Solution: Keep detailed financial records from the outset. Consider working with an accountant to ensure accurate bookkeeping. Show lenders a clear path to profitability in your business plan.
- Industry Risk: Certain industries are considered riskier by lenders, making it more difficult for entrepreneurs in those sectors to secure financing.
Solution: Seek out lenders or investors with a track record of financing businesses in your industry. Be prepared to demonstrate your industry knowledge and expertise.
- Regulatory Hurdles: Regulatory requirements and compliance issues can be burdensome for startups, making it harder to access financing. I still struggle to understand why government of some countries deliberately place some impossible hurdles in the way of entrepreneurs.
Solution: Consult with legal and financial professionals to ensure compliance with all relevant regulations. Research government programs or grants designed to support small businesses.
- Limited Network: Access to financing can be heavily influenced by an entrepreneur’s network. Those with strong connections to investors or industry experts may find it easier to secure funding.
Solution: Build and nurture your network through networking events, industry associations, and mentorship programs. A strong network can provide valuable introductions to potential investors or lenders.
- Inadequate Pitch/Presentation: A poorly crafted business pitch or presentation can deter potential investors or lenders.
Solution: Invest time in crafting a compelling pitch that clearly communicates your business idea, market opportunity, and financial projections. Practice your pitch and seek feedback from mentors or advisors.
- Market Timing: Economic conditions and market trends can affect the availability of financing. During economic downturns, lenders may be more cautious.
Solution: Be flexible with your timing. Consider bootstrapping or exploring non-traditional financing sources during economic downturns and pursue traditional loans when the market is more favorable.
- Inadequate Research: Entrepreneurs may not be aware of all the financing options available to them, limiting their choices. This is dependent on some factors like your location and the nature of the business you seek to venture into. Venture Capitalists are well experienced in this kind of research – do well to reach out to one if needed.
Solution: Thoroughly research and assess various financing options, including grants, angel investors, venture capital, business incubators, and government programs. Tailor your approach to the most suitable options for your business.
- Credit Score Improvement: If personal credit is a hurdle, work on improving your credit score through responsible financial management.
Solution: Pay bills on time, reduce personal debt, and manage credit responsibly to improve your credit score over time.
- Bootstrapping: Consider bootstrapping as a way to build your business with limited external financing, reinvesting profits to fund growth.
Solution: Start small, focus on generating revenue, and reinvest profits into the business.

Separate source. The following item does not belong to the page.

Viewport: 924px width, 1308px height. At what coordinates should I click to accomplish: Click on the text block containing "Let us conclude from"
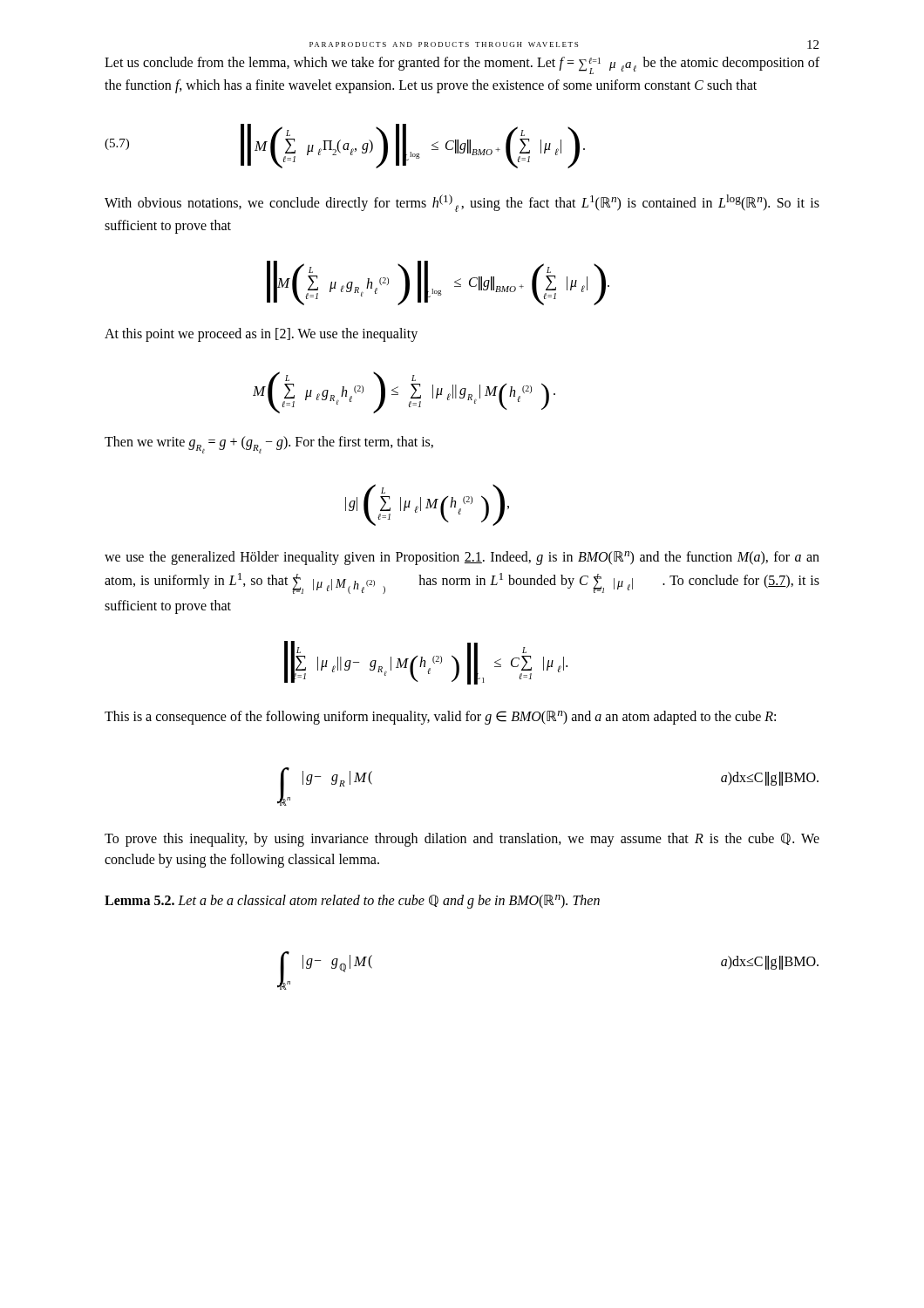[x=462, y=74]

This approach can reduce reliance on external financing.
By addressing these challenges and exploring the suggested solutions, entrepreneurs and small businesses can improve their prospects for accessing the necessary financing to start and expand their ventures. Remember that the specific challenges and solutions may vary depending on the nature of your business, industry, and location. So be sure to adapt the tips in this article to your unique circumstances.